Врачи, знающие Павла кто семь, кто пятнадцать лет — одинокого, притаившегося в своей лаборатории, как мышь в норе, маленького, молчаливого, неприметного, — не могут себе представить, что кто-то по нем «сохнул». Но Добре любит вспоминать этих девушек и приходится смеяться, чтобы доставить ему удовольствие.
— Кто знает, какие еще сюрпризы нам готовит доктор Штефэнеску! — подводит итог доктор Мэнилэ. — Qui a bu, boira![1]
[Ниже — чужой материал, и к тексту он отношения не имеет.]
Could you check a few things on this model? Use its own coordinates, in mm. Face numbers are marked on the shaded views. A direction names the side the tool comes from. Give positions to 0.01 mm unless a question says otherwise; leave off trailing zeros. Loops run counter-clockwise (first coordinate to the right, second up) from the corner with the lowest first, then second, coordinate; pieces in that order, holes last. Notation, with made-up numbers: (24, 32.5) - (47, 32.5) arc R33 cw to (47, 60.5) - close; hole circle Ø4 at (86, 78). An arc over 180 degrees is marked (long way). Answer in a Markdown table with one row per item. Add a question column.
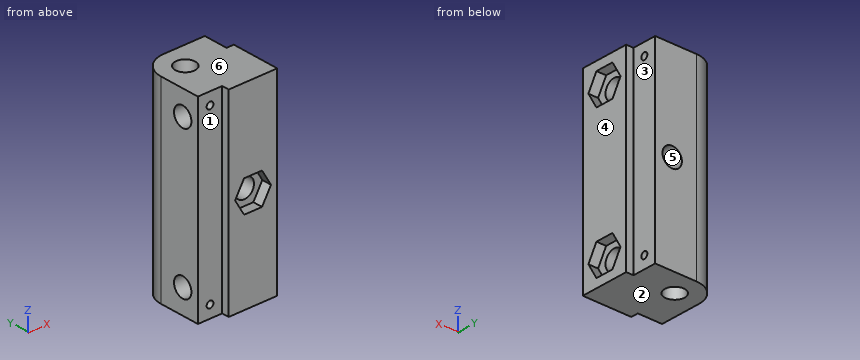
```python
from build123d import *

# Parameters (mm, degrees)
SKETCH004_R  = 1.4
PAD002_DEPTH = 6
SKETCH007_R  = 4
PAD003_DEPTH = 31
SKETCH001_R  = 4
PAD004_DEPTH = 31
SKETCH006_R  = 1.4
PAD005_DEPTH = 5
PAD006_DEPTH = 4
SKETCH003_W  = 10
SKETCH003_H  = 80
PAD007_DEPTH = 3
SKETCH005_W  = 10
SKETCH005_H  = 80
PAD008_DEPTH = 3
PAD001_DEPTH = 4
SKETCH_R     = 4.1
PAD_DEPTH    = 80


with BuildPart() as obj1:
    # Sketch004 → Pad002 (new body)
    with BuildSketch(Plane.YZ.offset(10.029501)):
        with Locations((11.683203, 75)):
            Circle(SKETCH004_R)
        with Locations((11.683203, 5)):
            Circle(SKETCH004_R)
    extrude(amount=-PAD002_DEPTH)


with BuildPart() as rodhole01:
    # Sketch007 → Pad003 (new body)
    with BuildSketch(Plane.XZ.offset(13.316829)):
        with Locations((3.029501, 40)):
            Circle(SKETCH007_R)
    extrude(amount=-PAD003_DEPTH)


with BuildPart() as rodhole02:
    # Sketch001 → Pad004 (new body)
    with BuildSketch(Plane.YZ.offset(13.029501)):
        with Locations((-3.316797, 70)):
            Circle(SKETCH001_R)
        with Locations((-3.316797, 10)):
            Circle(SKETCH001_R)
    extrude(amount=-PAD004_DEPTH)


with BuildPart() as obj2:
    # Sketch006 → Pad005 (new body)
    with BuildSketch(Plane.XZ.offset(10.316829)):
        with Locations((-11.970531, 75)):
            Circle(SKETCH006_R)
        with Locations((-11.970531, 5)):
            Circle(SKETCH006_R)
    extrude(amount=-PAD005_DEPTH)


with BuildPart() as obj3:
    # Sketch002 → Pad006 (new body)
    with BuildSketch(Plane.YZ.offset(13.029501)):
        Polygon((4.083203, 70), (0.383203, 76.408588), (-7.016797, 76.408588), (-10.716797, 70), (-7.016797, 63.591412), (0.383203, 63.591412), align=None)
        Polygon((0.383203, 3.591412), (4.083203, 10), (0.383203, 16.408588), (-7.016797, 16.408588), (-10.716797, 10), (-7.016797, 3.591412), align=None)
    extrude(amount=-PAD006_DEPTH)


with BuildPart() as obj4:
    # Sketch003 → Pad007 (new body)
    with BuildSketch(Plane.YZ.offset(13.029501)):
        with Locations((11.683203, 40)):
            Rectangle(SKETCH003_W, SKETCH003_H)
    extrude(amount=-PAD007_DEPTH)


with BuildPart() as obj5:
    # Sketch005 → Pad008 (new body)
    with BuildSketch(Plane.XZ.offset(13.316829)):
        with Locations((-11.970531, 40)):
            Rectangle(SKETCH005_W, SKETCH005_H)
    extrude(amount=-PAD008_DEPTH)


with BuildPart() as cutblock:
    # Sketch008 → Pad001 (new body)
    with BuildSketch(Plane.XZ.offset(13.316829)):
        Polygon((6.763311, 33.591412), (10.463311, 40), (6.763311, 46.408588), (-0.636689, 46.408588), (-4.336689, 40), (-0.636689, 33.591412), align=None)
    extrude(amount=-PAD001_DEPTH)

    # Fusion: union obj1, RodHole01, RodHole02, obj2, obj3, obj4, obj5
    add(obj1.part)
    add(rodhole01.part)
    add(rodhole02.part)
    add(obj2.part)
    add(obj3.part)
    add(obj4.part)
    add(obj5.part)


with BuildPart() as final:
    # Sketch → Pad (new body)
    with BuildSketch(Plane.XY):
        with BuildLine():
            Line((-16.970531, 6.683171), (-16.970531, -13.316829))
            Line((-16.970531, -13.316829), (13.029501, -13.316829))
            Line((13.029501, -13.316829), (13.029501, 16.683203))
            Line((13.029501, 16.683203), (-6.970499, 16.683203))
            ThreePointArc((-6.970499, 16.683203), (-14.041599, 13.754271), (-16.970531, 6.683171))
        make_face()
        with Locations((-6.970531, 6.683203)):
            Circle(SKETCH_R, mode=Mode.SUBTRACT)
    extrude(amount=PAD_DEPTH)

    # Cut: cut CutBlock
    add(cutblock.part, mode=Mode.SUBTRACT)


solid = final.part
```
(1) For pin 1 Ø8 at (x, z) = (-13.5, 40.5) entering from -Y; pin 2 Ø3 at (x, y) = (4.5, -11.5) entering from -Z; pin 3 Ø2 at (y, z) = (12, 75.5) entering from +X; pin 4 Ø2.5 at (y, z) = (-12, 48) entering from -X, each with a flat end and sliding along its axis, tell me the tip position at first contact or that it passes through.
(2) On a 3-axis mill with a long thin cutter (end or side, diameter ignored), from which of +Z, -Z, +X, -X, +Y, -Y can I reach the whole of each face in a straight line? I mean the marked faces 1, 2 and 3. Say none if no direction works.
(3) I want a section at D-D on y = -1.5. Please give me the cut outline in (x, z).
(4) Please list where these lines run through material, in increasing order: line 1 (Y direction, x = 6, z = 75); line 2 (X direction, y = 9.5, z = 42); line 3 (Z direction, x = -7, y = 0).
(5) I want a section at C-C on z = 72. Please give me the cut outline in (x, y), then the cut area to 3 significant figures.
(6) We'd pull the mould along Z, two halves only. Please class the marked faces 4, 5 and 6: pulls with the +Z half, pulls with the -Z half, needs draft (parallel to the pull), parting line crosses it, or undercut.
(7) I want a section at A-A on z = 28. Please give me the cut outline in (x, y).
(8) I want a section at B-B on x = 5. Please give me the cut outline in (y, z), then the cut area to 3 significant figures.
Reported:
| question | item | result |
|---|---|---|
| 1 | pin 1 | y = -10.32 |
| 1 | pin 2 | z = 0 |
| 1 | pin 3 | x = 10.03 |
| 1 | pin 4 | x = -6.97 |
| 2 | face 1 | +Z, -Z, -X, -Y |
| 2 | face 2 | -Z, +X, -X, +Y, -Y |
| 2 | face 3 | +Z, -Z, +X, +Y |
| 3 | outline | (-16.97, 0) - (13.03, 0) - (13.03, 3.59) - (9.03, 3.59) - (9.03, 6.44) - (-16.97, 6.44) - close; (-16.97, 13.56) - (9.03, 13.56) - (9.03, 16.41) - (13.03, 16.41) - (13.03, 63.59) - (9.03, 63.59) - (9.03, 66.44) - (-16.97, 66.44) - close; (-16.97, 73.56) - (9.03, 73.56) - (9.03, 76.41) - (13.03, 76.41) - (13.03, 80) - (-16.97, 80) - close; hole circle Ø8 at (3.03, 40) |
| 4 | line 1 | -13.32 to 10.28, 13.08 to 16.68 |
| 4 | line 2 | -16.57 to -9.95, -3.99 to -0.43, 6.49 to 10.03 |
| 4 | line 3 | 0 to 7.76, 12.24 to 67.76, 72.24 to 80 |
| 5 | outline | (-16.97, -10.32) - (-6.97, -10.32) - (-6.97, -13.32) - (13.03, -13.32) - (13.03, -9.56) - (9.03, -9.56) - (9.03, -6.78) - (-16.97, -6.78) - close; (-16.97, 0.15) - (9.03, 0.15) - (9.03, 2.93) - (13.03, 2.93) - (13.03, 6.68) - (10.03, 6.68) - (10.03, 16.68) - (-6.97, 16.68) arc R10 ccw to (-16.97, 6.68) - close; hole circle Ø8.2 at (-6.97, 6.68) |
| 5 | area | 536 mm² |
| 6 | face 4 | needs draft |
| 6 | face 5 | undercut |
| 6 | face 6 | pulls with the +Z half |
| 7 | outline | (-16.97, -10.32) - (-6.97, -10.32) - (-6.97, -13.32) - (13.03, -13.32) - (13.03, 6.68) - (10.03, 6.68) - (10.03, 16.68) - (-6.97, 16.68) arc R10 ccw to (-16.97, 6.68) - close; hole circle Ø8.2 at (-6.97, 6.68) |
| 8 | outline | (-13.32, 0) - (16.68, 0) - (16.68, 36.52) - (-9.32, 36.52) - (-9.32, 33.59) - (-13.32, 33.59) - close; (-13.32, 46.41) - (-9.32, 46.41) - (-9.32, 43.48) - (16.68, 43.48) - (16.68, 80) - (-13.32, 80) - close; hole circle Ø8 at (-3.32, 10); hole circle Ø8 at (-3.32, 70); hole circle Ø2.8 at (11.68, 5); hole circle Ø2.8 at (11.68, 75) |
| 8 | area | 2,050 mm² |
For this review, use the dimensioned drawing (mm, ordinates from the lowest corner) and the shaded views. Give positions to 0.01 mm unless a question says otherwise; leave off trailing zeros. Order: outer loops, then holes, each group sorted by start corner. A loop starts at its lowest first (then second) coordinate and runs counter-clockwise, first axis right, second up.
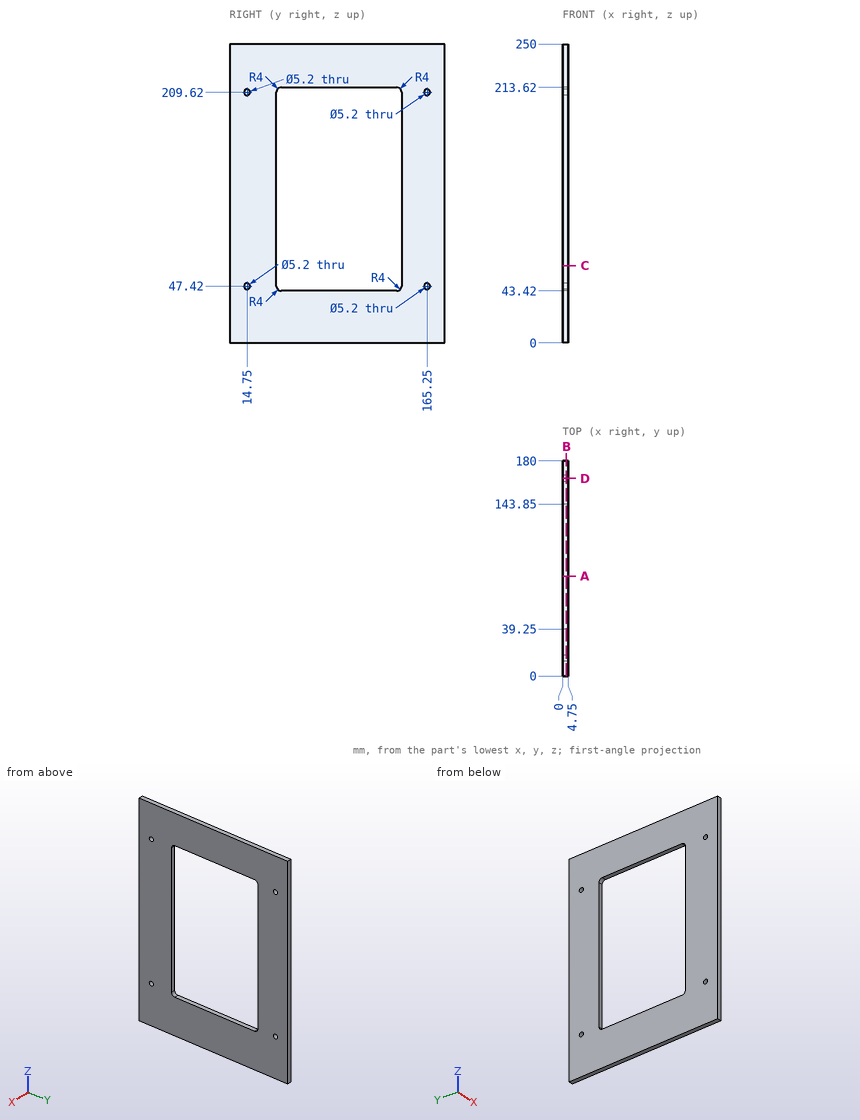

А Павел пытается заглянуть всем в глаза, убедить их, что он постарается оттянуть последний «сюрприз» и как можно дольше не лишать их заведующего лабораторией.
*
В этом году зима началась несколько необычно — неизвестно откуда взявшиеся весенние дни, туманные ночи после победоносного появления солнца, короткие вьюги. Едва холм, видный из окон Павла, покрывался снегом, как медовое солнце растапливало его, оставляя влажную, усыпанную пучками жухлой травы землю. Небо то отливало тусклым фаянсовым блеском, то было прозрачным, ясным, как сапфир, и один его вид опьянял сердце. Держась за стол и за стулья, доктор Штефэнеску в перерыве между анализами подходил к окну, долго любовался природой и, умиротворенный, возвращался к работе. Из своей комнаты он уже не мог видеть всей этой красоты, потому что в декабре дни короткие, сумерки опускались быстро, и приходилось рано включать свет. Но Дина Симионеску принесла ему полное собрание сочинений Чехова, так что до прихода дежурных врачей время пролетало незаметно.
Однажды, часов в пять, когда он уже зажег свет, к нему влетел Добре. Он еще не ушел домой — проводил совещание, затем его срочно вызвали к постели актера, которому стало совсем плохо.
— Павеликэ, выручай! Надо сейчас, немедленно сделать этому чертенку анализ мокроты, без всякого посева, ну его. Жаль его молодость, будь он неладен, подыхать собрался, а мы-то влили в него все, что могли, как в бездонную бочку! Сделай анализ, Павеликэ, а то этот поганец сводит на нет все законы науки!
Штефэнеску поднимается медленно, осторожно. Сегодня сердце себя очень плохо ведет. Он с утра сделал девятнадцать анализов, довел их до конца, но сердце никак не хотело ровно биться, его удары то нагромождались, пытаясь обогнать друг друга, то оно вдруг замирало в пугающих паузах, чтобы затем снова заработать с таинственным и угрожающим шумом. В верхушке правого легкого дыхание то и дело за что-то цеплялось — будто натыкалось в пути на шипы и колючки.
Они прошли в лабораторию, как это делали обычно после обеда, — Добре обнимал за плечи Штефэнеску, а тот, словно спрятавшись у него под мышкой, опирался о его широкую грудь, медленно шаркая серыми фетровыми ботами.
В лаборатории окна были распахнуты — санитарка успела все убрать, помыть столы и полы и ушла. Добре поспешил закрыть окна. Штефэнеску, покашливая, с трудом вдыхая воздух, медленно снял теплый халат, чтобы надеть белый. Они оба очень долго глядели в микроскоп, где в голубом океане плавали красные палочки.